The new DHS system took two years to develop and will require four more to implement. Internal working groups are crafting the still-secret DOD plan, which would apply to more than 700,000 civilian workers. Together, the new systems will affect nearly half of the government's 1.8 million civilian employees, moving large chunks of the federal workforce off the General Schedule and its familiar 15 pay grades.

Clay Johnson III, deputy director for management at the Office of Management and Budget, said this week that other agencies could develop new systems more quickly "because we've learned a lot from the DHS and DOD rules."

Smaller-scale experiments with changing pay systems at the Internal Revenue Service and the Federal Aviation Administration have produced mixed results. Managers at both agencies have said that it is easier to recruit talented workers at higher salaries than before, but it has also been difficult to create new pay systems that rank-and-file employees view as fair.

The current civil service system dates to the Pendleton Act of 1883, which replaced the "spoils system" of distributing jobs through political patronage with a merit-based system.

Presidents and most lawmakers in recent years have shown little interest in spending political capital on such arcane issues as personnel rules. But President Bush made the revision of civil service rules at DHS a key condition for the creation of the department after the Sept. 11, 2001, terrorist attacks.

The DOD and DHS plans have drawn significant criticism from federal employee unions, which contend that they erode workers' rights and make pay raises dependent on winning favor with the boss.

"They've been after the General Schedule system for a while, and this is just an easy excuse to dismantle it government-wide," said Colleen M. Kelley, president of the National Treasury Employees Union.

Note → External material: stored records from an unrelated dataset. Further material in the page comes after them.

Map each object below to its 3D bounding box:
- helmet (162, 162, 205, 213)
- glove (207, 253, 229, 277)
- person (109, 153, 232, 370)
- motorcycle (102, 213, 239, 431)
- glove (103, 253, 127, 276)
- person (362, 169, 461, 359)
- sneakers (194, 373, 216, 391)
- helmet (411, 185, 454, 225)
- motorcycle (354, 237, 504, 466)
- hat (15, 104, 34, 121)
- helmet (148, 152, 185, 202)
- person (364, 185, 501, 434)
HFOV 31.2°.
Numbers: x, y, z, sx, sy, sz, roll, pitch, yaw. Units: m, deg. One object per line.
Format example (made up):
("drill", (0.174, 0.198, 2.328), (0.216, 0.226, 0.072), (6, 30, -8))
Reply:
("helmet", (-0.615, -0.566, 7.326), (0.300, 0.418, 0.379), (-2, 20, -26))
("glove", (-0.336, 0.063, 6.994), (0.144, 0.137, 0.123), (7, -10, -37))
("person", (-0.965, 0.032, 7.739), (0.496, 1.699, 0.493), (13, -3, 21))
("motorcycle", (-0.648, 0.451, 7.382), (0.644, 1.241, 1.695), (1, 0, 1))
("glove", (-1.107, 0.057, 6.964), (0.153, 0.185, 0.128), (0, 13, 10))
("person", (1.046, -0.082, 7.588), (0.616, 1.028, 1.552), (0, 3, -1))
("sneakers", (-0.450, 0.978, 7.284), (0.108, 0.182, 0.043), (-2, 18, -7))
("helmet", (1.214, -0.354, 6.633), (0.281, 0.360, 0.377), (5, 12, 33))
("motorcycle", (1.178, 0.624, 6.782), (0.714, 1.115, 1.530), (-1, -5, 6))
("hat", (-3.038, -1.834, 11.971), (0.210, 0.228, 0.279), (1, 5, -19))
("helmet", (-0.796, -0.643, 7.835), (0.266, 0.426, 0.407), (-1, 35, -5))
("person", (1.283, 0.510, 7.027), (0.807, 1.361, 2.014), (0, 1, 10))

Kelley's union and three others filed a lawsuit in federal District Court yesterday to block new DHS restrictions on collective bargaining and employee appeals, saying the changes go further than Congress permitted in the legislation creating the department.

John Gage, president of the American Federation of Government Employees, said 800 union activists from around the country will visit their representatives on Capitol Hill on Feb. 8 to voice concerns about the civil service changes.

"This is not modern management," Gage said. "This is going back in time. This system is cronyism. It's throwing politics again into the civil service."